▶ _What the exercise asks_:
For the records that follow, work out how many lines include "Muro" and give only that count.

▶ _Records from a data collection_:
- - - - - - -

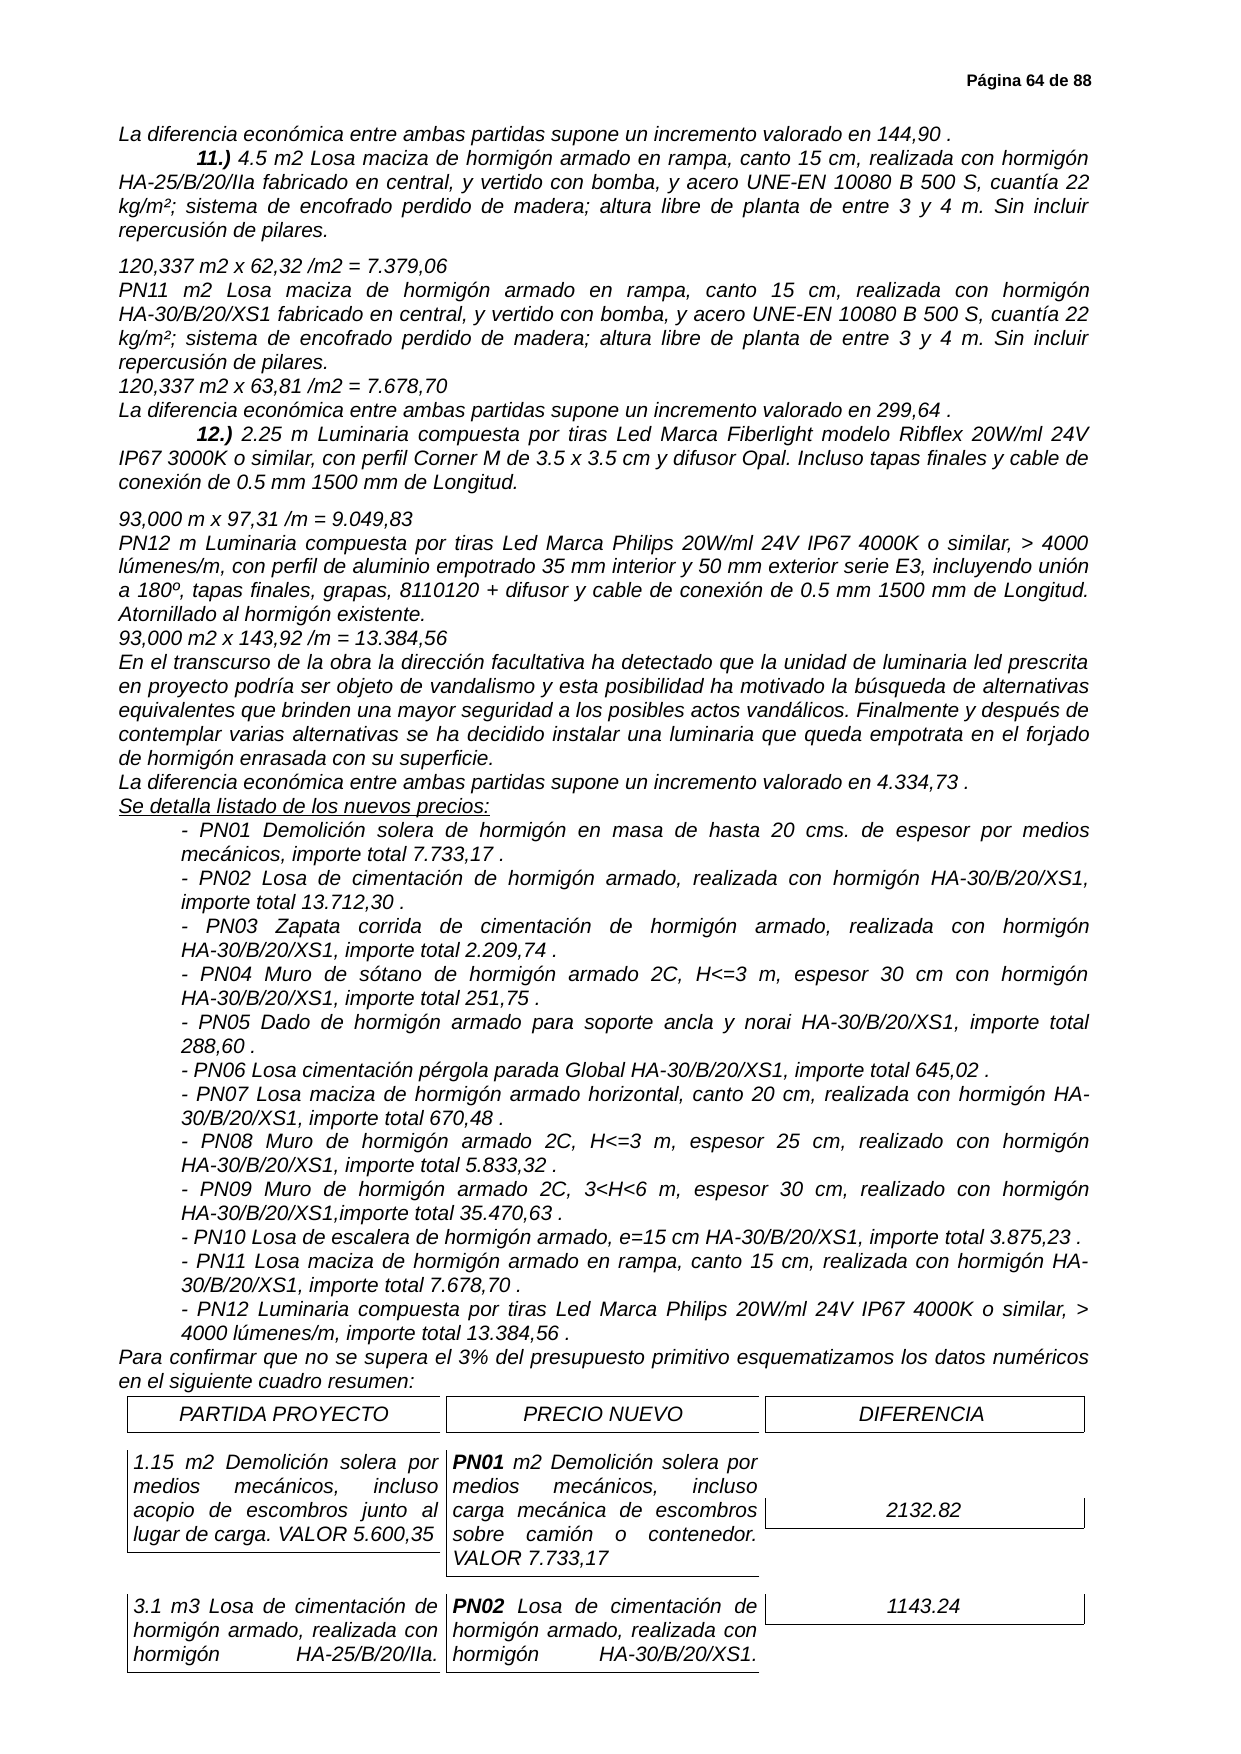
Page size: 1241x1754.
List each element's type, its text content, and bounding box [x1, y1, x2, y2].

text Se detalla listado de los nuevos precios: [118, 794, 1092, 818]
text - PN04 Muro de sótano de hormigón armado 2C, H<=3 m, espesor 30 cm con hormigón HA-30/B/20/XS1, importe total 251,75 . [181, 962, 1092, 1009]
table_cell PN01 m2 Demolición solera por medios mecánicos, incluso carga mecánica de escombros sobre camión o contenedor. VALOR 7.733,17 [443, 1447, 762, 1591]
table_header PARTIDA PROYECTO [124, 1393, 443, 1447]
text - PN12 Luminaria compuesta por tiras Led Marca Philips 20W/ml 24V IP67 4000K o similar, > 4000 lúmenes/m, importe total 13.384,56 . [181, 1297, 1092, 1345]
table_cell PN02 Losa de cimentación de hormigón armado, realizada con hormigón HA-30/B/20/XS1. [443, 1591, 762, 1675]
text - PN01 Demolición solera de hormigón en masa de hasta 20 cms. de espesor por medios mecánicos, importe total 7.733,17 . [181, 818, 1092, 866]
text 11.) 4.5 m2 Losa maciza de hormigón armado en rampa, canto 15 cm, realizada con hormigón HA-25/B/20/IIa fabricado en central, y vertido con bomba, y acero UNE-EN 10080 B 500 S, cuantía 22 kg/m²; sistema de encofrado perdido de madera; altura libre de planta de entre 3 y 4 m. Sin incluir repercusión de pilares. [118, 146, 1092, 242]
table_cell 3.1 m3 Losa de cimentación de hormigón armado, realizada con hormigón HA-25/B/20/IIa. [124, 1591, 443, 1675]
text - PN09 Muro de hormigón armado 2C, 3<H<6 m, espesor 30 cm, realizado con hormigón HA-30/B/20/XS1,importe total 35.470,63 . [181, 1177, 1092, 1225]
table_header PRECIO NUEVO [443, 1393, 762, 1447]
table_cell 2132,82 [763, 1447, 1087, 1591]
text - PN03 Zapata corrida de cimentación de hormigón armado, realizada con hormigón HA-30/B/20/XS1, importe total 2.209,74 . [181, 914, 1092, 962]
text 93,000 m2 x 143,92 /m = 13.384,56 [118, 626, 1092, 650]
text 120,337 m2 x 63,81 /m2 = 7.678,70 [118, 374, 1092, 398]
text La diferencia económica entre ambas partidas supone un incremento valorado en 4.334,73 . [118, 770, 1092, 794]
text - PN05 Dado de hormigón armado para soporte ancla y norai HA-30/B/20/XS1, importe total 288,60 . [181, 1009, 1092, 1057]
text PN11 m2 Losa maciza de hormigón armado en rampa, canto 15 cm, realizada con hormigón HA-30/B/20/XS1 fabricado en central, y vertido con bomba, y acero UNE-EN 10080 B 500 S, cuantía 22 kg/m²; sistema de encofrado perdido de madera; altura libre de planta de entre 3 y 4 m. Sin incluir repercusión de pilares. [118, 278, 1092, 374]
text - PN07 Losa maciza de hormigón armado horizontal, canto 20 cm, realizada con hormigón HA-30/B/20/XS1, importe total 670,48 . [181, 1081, 1092, 1129]
text - PN11 Losa maciza de hormigón armado en rampa, canto 15 cm, realizada con hormigón HA-30/B/20/XS1, importe total 7.678,70 . [181, 1249, 1092, 1297]
text - PN08 Muro de hormigón armado 2C, H<=3 m, espesor 25 cm, realizado con hormigón HA-30/B/20/XS1, importe total 5.833,32 . [181, 1129, 1092, 1177]
text 120,337 m2 x 62,32 /m2 = 7.379,06 [118, 254, 1092, 278]
table_header DIFERENCIA [763, 1393, 1087, 1447]
text - PN10 Losa de escalera de hormigón armado, e=15 cm HA-30/B/20/XS1, importe total 3.875,23 . [181, 1225, 1092, 1249]
text 12.) 2.25 m Luminaria compuesta por tiras Led Marca Fiberlight modelo Ribflex 20W/ml 24V IP67 3000K o similar, con perfil Corner M de 3.5 x 3.5 cm y difusor Opal. Incluso tapas finales y cable de conexión de 0.5 mm 1500 mm de Longitud. [118, 422, 1092, 494]
table_cell 1143,24 [763, 1591, 1087, 1675]
text 93,000 m x 97,31 /m = 9.049,83 [118, 506, 1092, 530]
text En el transcurso de la obra la dirección facultativa ha detectado que la unidad de luminaria led prescrita en proyecto podría ser objeto de vandalismo y esta posibilidad ha motivado la búsqueda de alternativas equivalentes que brinden una mayor seguridad a los posibles actos vandálicos. Finalmente y después de contemplar varias alternativas se ha decidido instalar una luminaria que queda empotrata en el forjado de hormigón enrasada con su superficie. [118, 650, 1092, 770]
text - PN06 Losa cimentación pérgola parada Global HA-30/B/20/XS1, importe total 645,02 . [181, 1057, 1092, 1081]
text La diferencia económica entre ambas partidas supone un incremento valorado en 144,90 . [118, 122, 1092, 146]
table_cell 1.15 m2 Demolición solera por medios mecánicos, incluso acopio de escombros junto al lugar de carga. VALOR 5.600,35 [124, 1447, 443, 1591]
text - PN02 Losa de cimentación de hormigón armado, realizada con hormigón HA-30/B/20/XS1, importe total 13.712,30 . [181, 866, 1092, 914]
text Para confirmar que no se supera el 3% del presupuesto primitivo esquematizamos los datos numéricos en el siguiente cuadro resumen: [118, 1345, 1092, 1393]
text La diferencia económica entre ambas partidas supone un incremento valorado en 299,64 . [118, 398, 1092, 422]
text PN12 m Luminaria compuesta por tiras Led Marca Philips 20W/ml 24V IP67 4000K o similar, > 4000 lúmenes/m, con perfil de aluminio empotrado 35 mm interior y 50 mm exterior serie E3, incluyendo unión a 180º, tapas finales, grapas, 8110120 + difusor y cable de conexión de 0.5 mm 1500 mm de Longitud. Atornillado al hormigón existente. [118, 530, 1092, 626]

- - - - - - -

▶ _Completed exercise_:
3